**Directions for this task:** The records below are to be repeated exactly, minus any pictures.

(The data Opens)

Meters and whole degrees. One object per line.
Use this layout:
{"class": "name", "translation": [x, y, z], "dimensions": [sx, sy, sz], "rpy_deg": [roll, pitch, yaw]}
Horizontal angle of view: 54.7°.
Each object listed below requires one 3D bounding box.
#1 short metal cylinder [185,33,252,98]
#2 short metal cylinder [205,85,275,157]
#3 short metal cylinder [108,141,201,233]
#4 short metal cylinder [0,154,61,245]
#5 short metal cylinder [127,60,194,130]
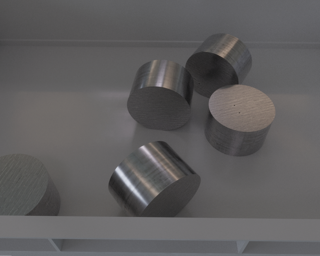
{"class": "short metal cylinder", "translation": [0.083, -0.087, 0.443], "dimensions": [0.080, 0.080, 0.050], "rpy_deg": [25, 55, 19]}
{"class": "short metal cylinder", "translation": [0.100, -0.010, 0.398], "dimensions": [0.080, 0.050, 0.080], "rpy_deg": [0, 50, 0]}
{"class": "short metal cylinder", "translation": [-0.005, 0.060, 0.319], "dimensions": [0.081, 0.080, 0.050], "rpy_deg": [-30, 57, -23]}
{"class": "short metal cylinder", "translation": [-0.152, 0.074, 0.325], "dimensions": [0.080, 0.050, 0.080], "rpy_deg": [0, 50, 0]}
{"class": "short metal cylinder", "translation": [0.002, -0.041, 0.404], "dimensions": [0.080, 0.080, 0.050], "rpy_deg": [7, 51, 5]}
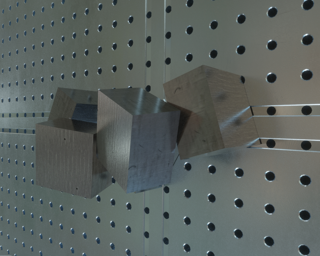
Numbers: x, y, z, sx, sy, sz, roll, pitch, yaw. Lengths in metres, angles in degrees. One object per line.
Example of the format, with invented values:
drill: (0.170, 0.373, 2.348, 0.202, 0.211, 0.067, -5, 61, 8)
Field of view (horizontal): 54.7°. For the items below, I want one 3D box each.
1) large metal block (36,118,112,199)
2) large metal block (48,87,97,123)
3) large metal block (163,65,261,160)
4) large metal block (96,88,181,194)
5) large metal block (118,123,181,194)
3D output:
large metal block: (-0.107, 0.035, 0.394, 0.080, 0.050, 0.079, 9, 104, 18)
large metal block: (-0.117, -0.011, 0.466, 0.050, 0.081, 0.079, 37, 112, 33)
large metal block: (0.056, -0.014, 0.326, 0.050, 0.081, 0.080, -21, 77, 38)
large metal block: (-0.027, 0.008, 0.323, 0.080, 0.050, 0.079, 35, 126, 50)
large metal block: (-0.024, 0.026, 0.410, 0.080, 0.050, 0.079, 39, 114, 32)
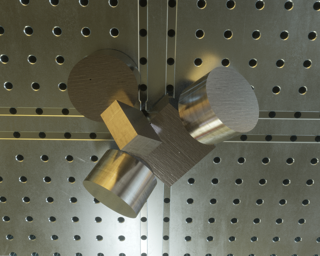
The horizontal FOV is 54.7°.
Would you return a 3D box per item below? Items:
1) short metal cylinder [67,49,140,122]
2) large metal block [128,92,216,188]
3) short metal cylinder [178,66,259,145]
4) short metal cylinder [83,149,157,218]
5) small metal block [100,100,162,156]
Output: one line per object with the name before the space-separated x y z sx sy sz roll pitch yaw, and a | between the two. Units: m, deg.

(The data Closes)

**Task response:**
Meters and whole degrees. One object per line.
Use this layout:
{"class": "name", "translation": [x, y, z], "dimensions": [sx, sy, sz], "rpy_deg": [roll, pitch, yaw]}
Horizontal angle of view: 54.7°.
Each object listed below requires one 3D bounding box.
#1 short metal cylinder [185,33,252,98]
#2 short metal cylinder [205,85,275,157]
#3 short metal cylinder [108,141,201,233]
#4 short metal cylinder [0,154,61,245]
#5 short metal cylinder [127,60,194,130]
{"class": "short metal cylinder", "translation": [0.083, -0.087, 0.443], "dimensions": [0.080, 0.080, 0.050], "rpy_deg": [25, 55, 19]}
{"class": "short metal cylinder", "translation": [0.100, -0.010, 0.398], "dimensions": [0.080, 0.050, 0.080], "rpy_deg": [0, 50, 0]}
{"class": "short metal cylinder", "translation": [-0.005, 0.060, 0.319], "dimensions": [0.081, 0.080, 0.050], "rpy_deg": [-30, 57, -23]}
{"class": "short metal cylinder", "translation": [-0.152, 0.074, 0.325], "dimensions": [0.080, 0.050, 0.080], "rpy_deg": [0, 50, 0]}
{"class": "short metal cylinder", "translation": [0.002, -0.041, 0.404], "dimensions": [0.080, 0.080, 0.050], "rpy_deg": [7, 51, 5]}
Numbers: x, y, z, sx, sy, sz, roll, pitch, yaw. Lengths in metres, angles in degrees. One object per line.
Example of the format, with invented values:
drill: (0.170, 0.373, 2.348, 0.202, 0.211, 0.067, -5, 61, 8)
Field of view (horizontal): 54.7°. For the items below, I want one 3D box each.
1) large metal block (36,118,112,199)
2) large metal block (48,87,97,123)
3) large metal block (163,65,261,160)
4) large metal block (96,88,181,194)
5) large metal block (118,123,181,194)
3D output:
large metal block: (-0.107, 0.035, 0.394, 0.080, 0.050, 0.079, 9, 104, 18)
large metal block: (-0.117, -0.011, 0.466, 0.050, 0.081, 0.079, 37, 112, 33)
large metal block: (0.056, -0.014, 0.326, 0.050, 0.081, 0.080, -21, 77, 38)
large metal block: (-0.027, 0.008, 0.323, 0.080, 0.050, 0.079, 35, 126, 50)
large metal block: (-0.024, 0.026, 0.410, 0.080, 0.050, 0.079, 39, 114, 32)
The horizontal FOV is 54.7°.
Would you return a 3D box per item below? Items:
1) short metal cylinder [67,49,140,122]
2) large metal block [128,92,216,188]
3) short metal cylinder [178,66,259,145]
4) short metal cylinder [83,149,157,218]
5) small metal block [100,100,162,156]
Output: one line per object with the name before the space-separated x y z sx sy sz roll pitch yaw, and a | between the two. Units: m, deg.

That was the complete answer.